§ **Stored items**:

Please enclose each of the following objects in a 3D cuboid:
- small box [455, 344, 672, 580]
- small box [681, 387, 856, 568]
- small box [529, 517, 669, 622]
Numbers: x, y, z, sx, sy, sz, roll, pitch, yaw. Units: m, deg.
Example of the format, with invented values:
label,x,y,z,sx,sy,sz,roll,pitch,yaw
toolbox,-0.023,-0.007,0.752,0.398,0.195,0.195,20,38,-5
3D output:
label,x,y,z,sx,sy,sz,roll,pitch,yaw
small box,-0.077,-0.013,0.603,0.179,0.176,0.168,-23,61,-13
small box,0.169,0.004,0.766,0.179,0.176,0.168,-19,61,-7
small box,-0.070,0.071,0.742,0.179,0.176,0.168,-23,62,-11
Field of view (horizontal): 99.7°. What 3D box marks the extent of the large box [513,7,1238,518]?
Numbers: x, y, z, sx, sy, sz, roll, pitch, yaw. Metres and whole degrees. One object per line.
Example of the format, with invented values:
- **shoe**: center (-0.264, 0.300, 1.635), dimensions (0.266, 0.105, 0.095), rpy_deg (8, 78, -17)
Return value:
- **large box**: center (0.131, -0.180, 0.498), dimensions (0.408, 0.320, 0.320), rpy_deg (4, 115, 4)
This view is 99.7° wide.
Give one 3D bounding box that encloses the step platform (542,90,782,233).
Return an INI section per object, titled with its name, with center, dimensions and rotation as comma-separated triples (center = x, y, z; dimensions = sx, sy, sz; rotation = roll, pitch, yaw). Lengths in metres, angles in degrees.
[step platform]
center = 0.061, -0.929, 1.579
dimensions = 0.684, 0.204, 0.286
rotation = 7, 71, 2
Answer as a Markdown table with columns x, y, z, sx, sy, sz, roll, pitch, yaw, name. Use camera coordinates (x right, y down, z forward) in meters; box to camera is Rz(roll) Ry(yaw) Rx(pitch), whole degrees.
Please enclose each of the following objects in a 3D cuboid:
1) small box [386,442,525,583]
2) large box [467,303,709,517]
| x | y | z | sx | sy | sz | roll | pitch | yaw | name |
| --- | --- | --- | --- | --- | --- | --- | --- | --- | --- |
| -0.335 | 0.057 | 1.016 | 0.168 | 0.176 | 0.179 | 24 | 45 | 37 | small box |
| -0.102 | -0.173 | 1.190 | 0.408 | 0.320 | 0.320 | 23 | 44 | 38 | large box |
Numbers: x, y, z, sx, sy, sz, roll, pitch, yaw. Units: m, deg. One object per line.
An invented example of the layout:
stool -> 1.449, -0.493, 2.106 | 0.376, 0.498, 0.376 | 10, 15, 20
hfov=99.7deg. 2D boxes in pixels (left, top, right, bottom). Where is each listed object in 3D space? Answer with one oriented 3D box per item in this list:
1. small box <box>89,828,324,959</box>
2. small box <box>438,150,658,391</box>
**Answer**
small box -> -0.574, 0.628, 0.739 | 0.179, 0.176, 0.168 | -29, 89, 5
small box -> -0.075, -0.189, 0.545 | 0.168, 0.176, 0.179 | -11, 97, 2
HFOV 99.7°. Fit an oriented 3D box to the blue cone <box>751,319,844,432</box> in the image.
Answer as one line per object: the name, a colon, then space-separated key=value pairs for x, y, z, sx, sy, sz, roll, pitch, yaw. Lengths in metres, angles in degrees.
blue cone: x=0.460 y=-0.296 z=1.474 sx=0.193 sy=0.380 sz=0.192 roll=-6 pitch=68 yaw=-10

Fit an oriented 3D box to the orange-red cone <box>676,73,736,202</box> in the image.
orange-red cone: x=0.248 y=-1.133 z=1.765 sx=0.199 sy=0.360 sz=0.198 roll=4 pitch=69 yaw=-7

§ **Description of the task**:
Each record must be transcribed exactly, with nothing left out.

§ **Solution to this task**:
Please enclose each of the following objects in a 3D cuboid:
- small box [455, 344, 672, 580]
- small box [681, 387, 856, 568]
- small box [529, 517, 669, 622]
Numbers: x, y, z, sx, sy, sz, roll, pitch, yaw. Units: m, deg.
Example of the format, with invented values:
label,x,y,z,sx,sy,sz,roll,pitch,yaw
toolbox,-0.023,-0.007,0.752,0.398,0.195,0.195,20,38,-5
3D output:
label,x,y,z,sx,sy,sz,roll,pitch,yaw
small box,-0.077,-0.013,0.603,0.179,0.176,0.168,-23,61,-13
small box,0.169,0.004,0.766,0.179,0.176,0.168,-19,61,-7
small box,-0.070,0.071,0.742,0.179,0.176,0.168,-23,62,-11
Field of view (horizontal): 99.7°. What 3D box marks the extent of the large box [513,7,1238,518]?
Numbers: x, y, z, sx, sy, sz, roll, pitch, yaw. Metres and whole degrees. One object per line.
Example of the format, with invented values:
- **shoe**: center (-0.264, 0.300, 1.635), dimensions (0.266, 0.105, 0.095), rpy_deg (8, 78, -17)
Return value:
- **large box**: center (0.131, -0.180, 0.498), dimensions (0.408, 0.320, 0.320), rpy_deg (4, 115, 4)
This view is 99.7° wide.
Give one 3D bounding box that encloses the step platform (542,90,782,233).
Return an INI section per object, titled with its name, with center, dimensions and rotation as comma-separated triples (center = x, y, z; dimensions = sx, sy, sz; rotation = roll, pitch, yaw). Lengths in metres, angles in degrees.
[step platform]
center = 0.061, -0.929, 1.579
dimensions = 0.684, 0.204, 0.286
rotation = 7, 71, 2
Answer as a Markdown table with columns x, y, z, sx, sy, sz, roll, pitch, yaw, name. Use camera coordinates (x right, y down, z forward) in meters; box to camera is Rz(roll) Ry(yaw) Rx(pitch), whole degrees.
Please enclose each of the following objects in a 3D cuboid:
1) small box [386,442,525,583]
2) large box [467,303,709,517]
| x | y | z | sx | sy | sz | roll | pitch | yaw | name |
| --- | --- | --- | --- | --- | --- | --- | --- | --- | --- |
| -0.335 | 0.057 | 1.016 | 0.168 | 0.176 | 0.179 | 24 | 45 | 37 | small box |
| -0.102 | -0.173 | 1.190 | 0.408 | 0.320 | 0.320 | 23 | 44 | 38 | large box |
Numbers: x, y, z, sx, sy, sz, roll, pitch, yaw. Units: m, deg. One object per line.
An invented example of the layout:
stool -> 1.449, -0.493, 2.106 | 0.376, 0.498, 0.376 | 10, 15, 20
hfov=99.7deg. 2D boxes in pixels (left, top, right, bottom). Where is each listed object in 3D space? Answer with one oriented 3D box per item in this list:
1. small box <box>89,828,324,959</box>
2. small box <box>438,150,658,391</box>
**Answer**
small box -> -0.574, 0.628, 0.739 | 0.179, 0.176, 0.168 | -29, 89, 5
small box -> -0.075, -0.189, 0.545 | 0.168, 0.176, 0.179 | -11, 97, 2
HFOV 99.7°. Fit an oriented 3D box to the blue cone <box>751,319,844,432</box> in the image.
Answer as one line per object: the name, a colon, then space-separated key=value pairs for x, y, z, sx, sy, sz, roll, pitch, yaw. Lengths in metres, angles in degrees.
blue cone: x=0.460 y=-0.296 z=1.474 sx=0.193 sy=0.380 sz=0.192 roll=-6 pitch=68 yaw=-10

Fit an oriented 3D box to the orange-red cone <box>676,73,736,202</box> in the image.
orange-red cone: x=0.248 y=-1.133 z=1.765 sx=0.199 sy=0.360 sz=0.198 roll=4 pitch=69 yaw=-7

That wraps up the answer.